Concert Review: Matt Holubowski Sings To The Workaday Life In NYC

Most of us feel unordinary, especially, in this world, where an individual can be treated like a god, and masses of people can be treated like dirt. Many times, there is no moral reasoning to giving/ receiving kindness or fame; they simply are. In this idea, Matt Holubowski creates characters dreaming vastly while living lowly. 

From “The Weatherman” to a “cheerful” song about a man committing suicide during someone else’s cigarette break, the magic of Matt’s music is that he appeals to how big and imaginative we all are despite our “ordinary” circumstance. For him, our life might not make history, but it is still making a story. There is something tragically and humbly beautiful about that notion, and it played throughout his highly ornate music/ Mercury Lounge set. He laughed that he was trying to go more “pop,” but Matt’s mind is too sparked for pop’s “sparkle.”

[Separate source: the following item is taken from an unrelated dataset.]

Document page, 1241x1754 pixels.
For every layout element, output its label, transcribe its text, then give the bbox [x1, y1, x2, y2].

From his stringed arrangements to his stringing lyrics, everything about Matt Holubowski’s feels mosaically musical. It as if he cracks thousands of sonic tiles, and puzzles their colorful, glossed pieces into pictures of people’s life. His music sounds like Bon Iver married Eleanor Rigby, and they had a child that was sung a mash-up lullaby of  “A Day In The Life/ For Emma.” He warps you into “everyday people’s” worlds. While they would not get Kardashian attention, you will, probably, meet and know these people better because they are you. Add on that he sings in French and trembles his body and voice as if the beauty of poetry can leave you literally shivering, and Matt Holubowski is a human force. 

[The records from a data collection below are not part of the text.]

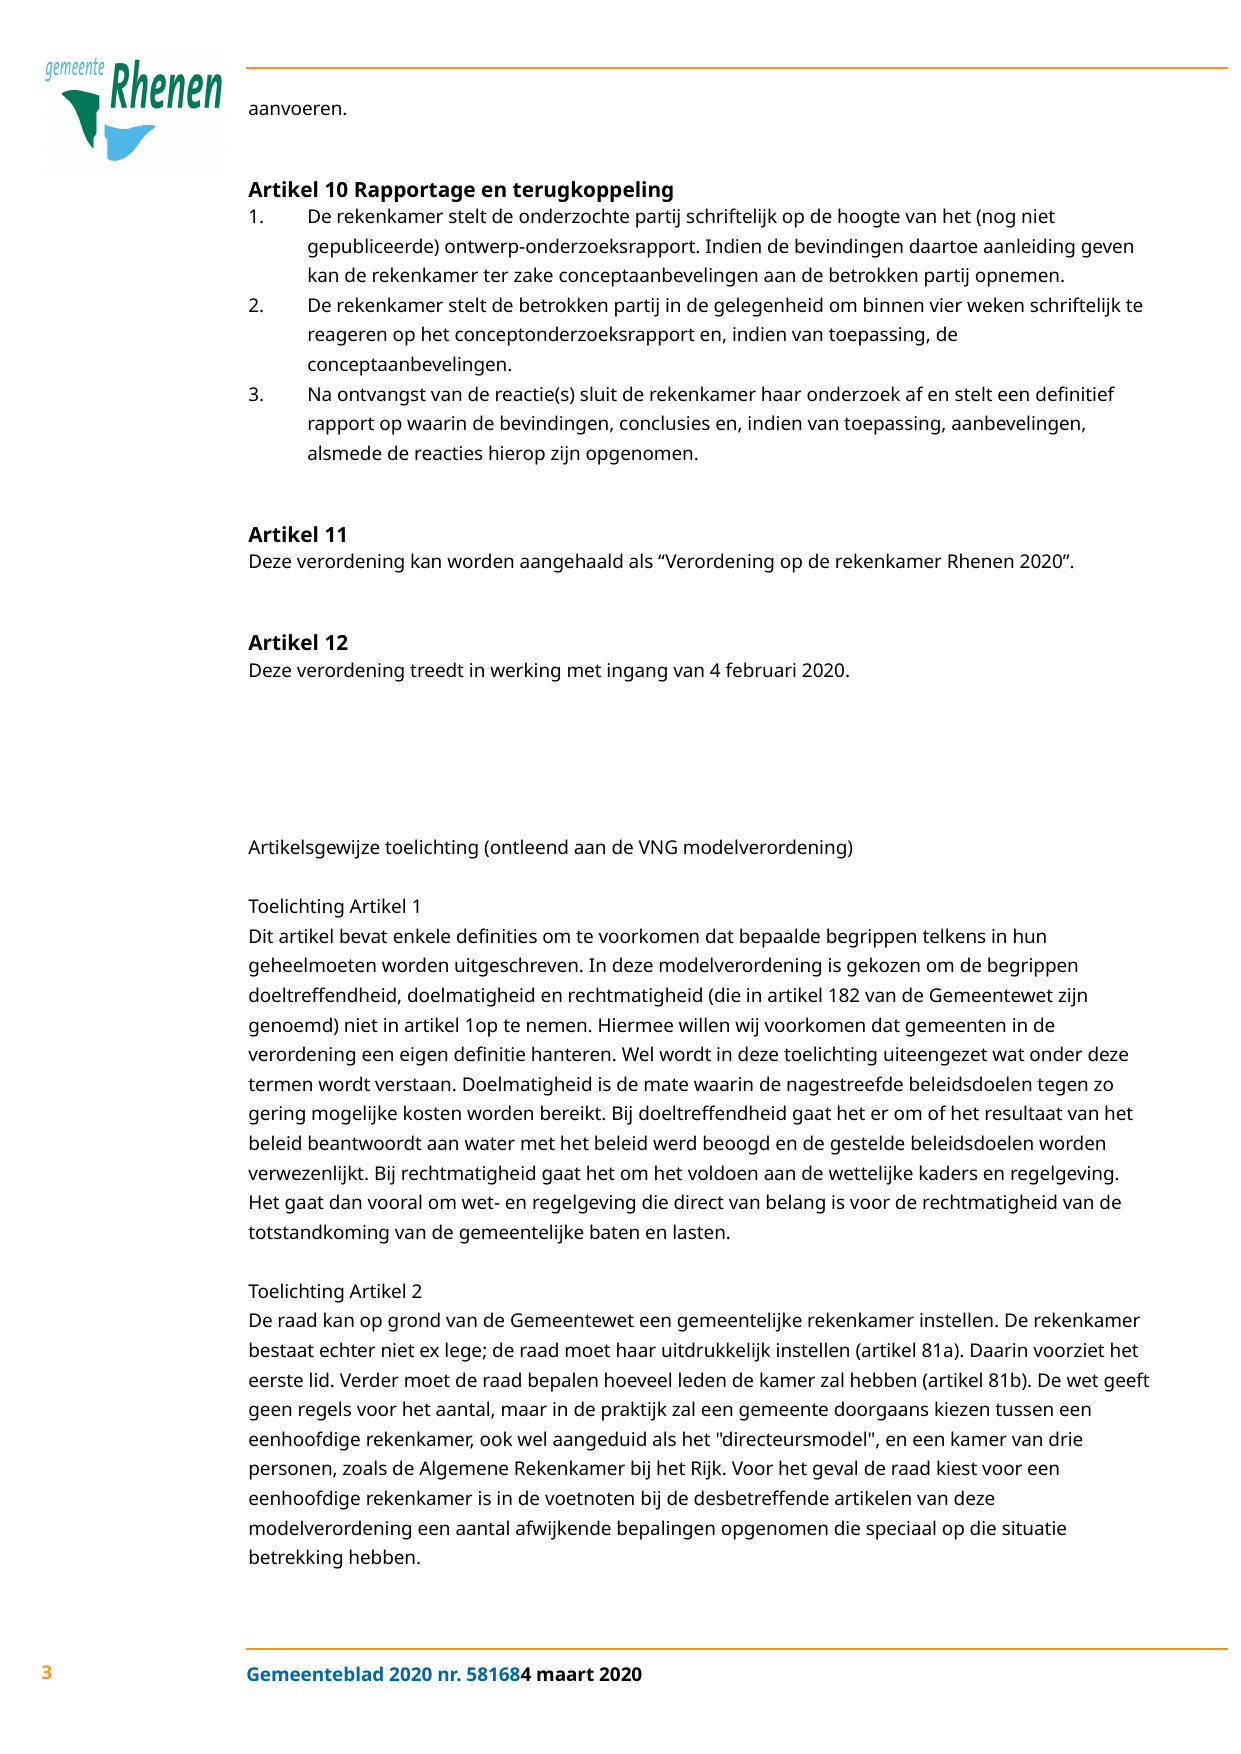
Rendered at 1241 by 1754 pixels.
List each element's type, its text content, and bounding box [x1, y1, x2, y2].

list Na ontvangst van de reactie(s) sluit de rekenkamer haar onderzoek af en stelt een definitief rapport op waarin de bevindingen, conclusies en, indien van toepassing, aanbevelingen, alsmede de reacties hierop zijn opgenomen. [248, 381, 1152, 466]
text Deze verordening kan worden aangehaald als “Verordening op de rekenkamer Rhenen 2020”. [248, 548, 1152, 574]
text Artikel 12 [248, 628, 1152, 657]
text aanvoeren. [248, 95, 1152, 121]
text Dit artikel bevat enkele definities om te voorkomen dat bepaalde begrippen telkens in hun geheelmoeten worden uitgeschreven. In deze modelverordening is gekozen om de begrippen doeltreffendheid, doelmatigheid en rechtmatigheid (die in artikel 182 van de Gemeentewet zijn genoemd) niet in artikel 1op te nemen. Hiermee willen wij voorkomen dat gemeenten in de verordening een eigen definitie hanteren. Wel wordt in deze toelichting uiteengezet wat onder deze termen wordt verstaan. Doelmatigheid is de mate waarin de nagestreefde beleidsdoelen tegen zo gering mogelijke kosten worden bereikt. Bij doeltreffendheid gaat het er om of het resultaat van het beleid beantwoordt aan water met het beleid werd beoogd en de gestelde beleidsdoelen worden verwezenlijkt. Bij rechtmatigheid gaat het om het voldoen aan de wettelijke kaders en regelgeving. Het gaat dan vooral om wet- en regelgeving die direct van belang is voor de rechtmatigheid van de totstandkoming van de gemeentelijke baten en lasten. [248, 923, 1152, 1244]
list De rekenkamer stelt de onderzochte partij schriftelijk op de hoogte van het (nog niet gepubliceerde) ontwerp-onderzoeksrapport. Indien de bevindingen daartoe aanleiding geven kan de rekenkamer ter zake conceptaanbevelingen aan de betrokken partij opnemen. [248, 203, 1152, 288]
text Artikel 11 [248, 520, 1152, 548]
text Toelichting Artikel 1 [248, 893, 1152, 919]
text Artikelsgewijze toelichting (ontleend aan de VNG modelverordening) [248, 834, 1152, 860]
text De raad kan op grond van de Gemeentewet een gemeentelijke rekenkamer instellen. De rekenkamer bestaat echter niet ex lege; de raad moet haar uitdrukkelijk instellen (artikel 81a). Daarin voorziet het eerste lid. Verder moet de raad bepalen hoeveel leden de kamer zal hebben (artikel 81b). De wet geeft geen regels voor het aantal, maar in de praktijk zal een gemeente doorgaans kiezen tussen een eenhoofdige rekenkamer, ook wel aangeduid als het "directeursmodel", en een kamer van drie personen, zoals de Algemene Rekenkamer bij het Rijk. Voor het geval de raad kiest voor een eenhoofdige rekenkamer is in de voetnoten bij de desbetreffende artikelen van deze modelverordening een aantal afwijkende bepalingen opgenomen die speciaal op die situatie betrekking hebben. [248, 1308, 1152, 1570]
text Deze verordening treedt in werking met ingang van 4 februari 2020. [248, 657, 1152, 682]
text Artikel 10 Rapportage en terugkoppeling [248, 175, 1152, 203]
picture [41, 47, 231, 172]
text Toelichting Artikel 2 [248, 1278, 1152, 1304]
list De rekenkamer stelt de betrokken partij in de gelegenheid om binnen vier weken schriftelijk te reageren op het conceptonderzoeksrapport en, indien van toepassing, de conceptaanbevelingen. [248, 292, 1152, 377]

What I love about Matt Holubowski is that he makes the workaday life feel so emotional and detailed, which are things we, often, do not attribute to the average person. He shows we are not machines, and has a riling, cooing voice that, like a spiritual wrench, pulls out all the nailed notions claiming people are not supposed to feel. Whomever said that logic has no room for sentiment is illogical. We learn and unlearn according to how we grow our feelings through our thoughts, Matt Holubowski is the intellectual singer of such truth. For More Information On Matt Holubowski Click Here.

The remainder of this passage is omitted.